▶ _Work to complete_
This exercise calls for every line of the data below with the string "Give" in it.

▶ _Available records_
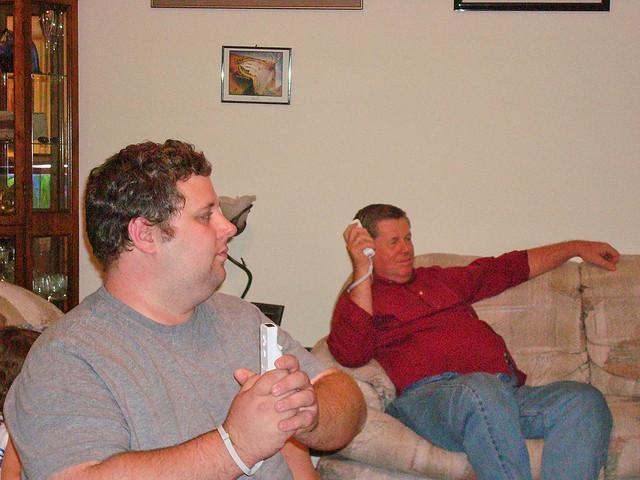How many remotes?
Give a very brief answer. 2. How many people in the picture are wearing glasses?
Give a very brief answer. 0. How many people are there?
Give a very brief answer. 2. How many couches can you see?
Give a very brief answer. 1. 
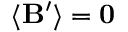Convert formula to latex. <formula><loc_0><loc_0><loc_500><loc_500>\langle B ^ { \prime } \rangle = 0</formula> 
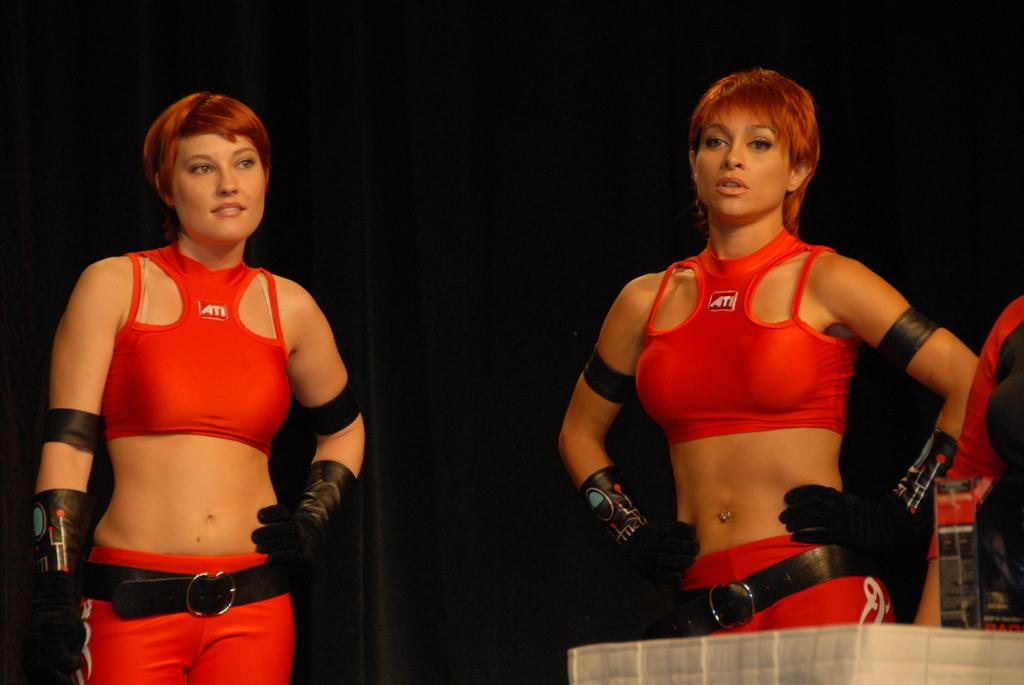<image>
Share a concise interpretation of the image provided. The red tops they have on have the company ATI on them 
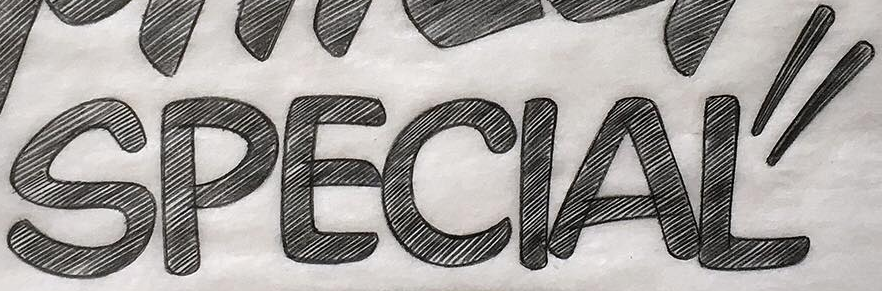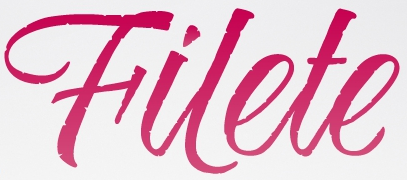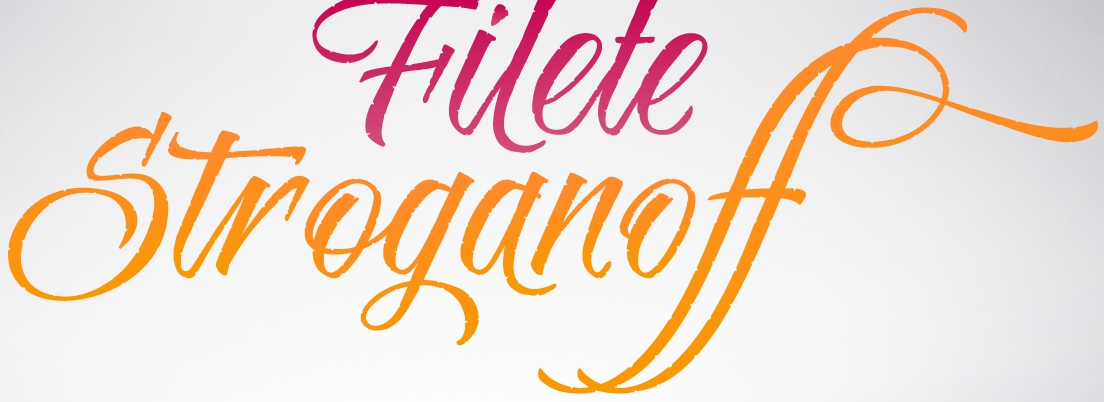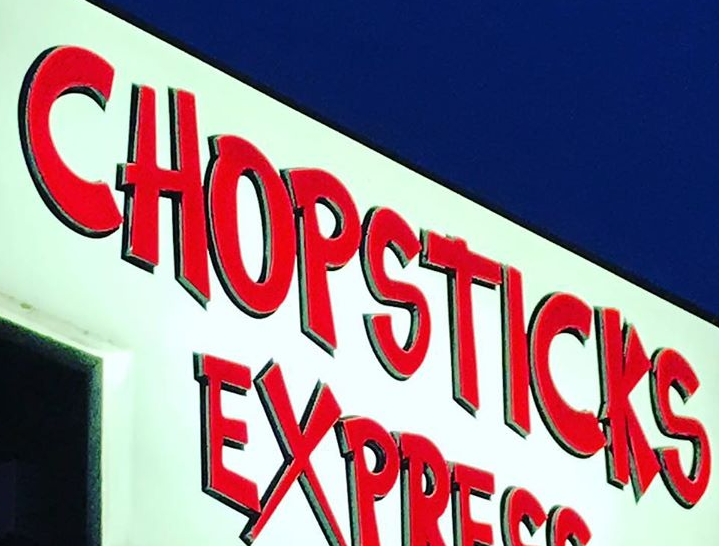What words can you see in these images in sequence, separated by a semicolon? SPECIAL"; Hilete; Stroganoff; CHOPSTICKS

▶ _Response box_
Give a very brief answer. 2. How many people in the picture are wearing glasses?
Give a very brief answer. 0. How many people are there?
Give a very brief answer. 2. How many couches can you see?
Give a very brief answer. 1. 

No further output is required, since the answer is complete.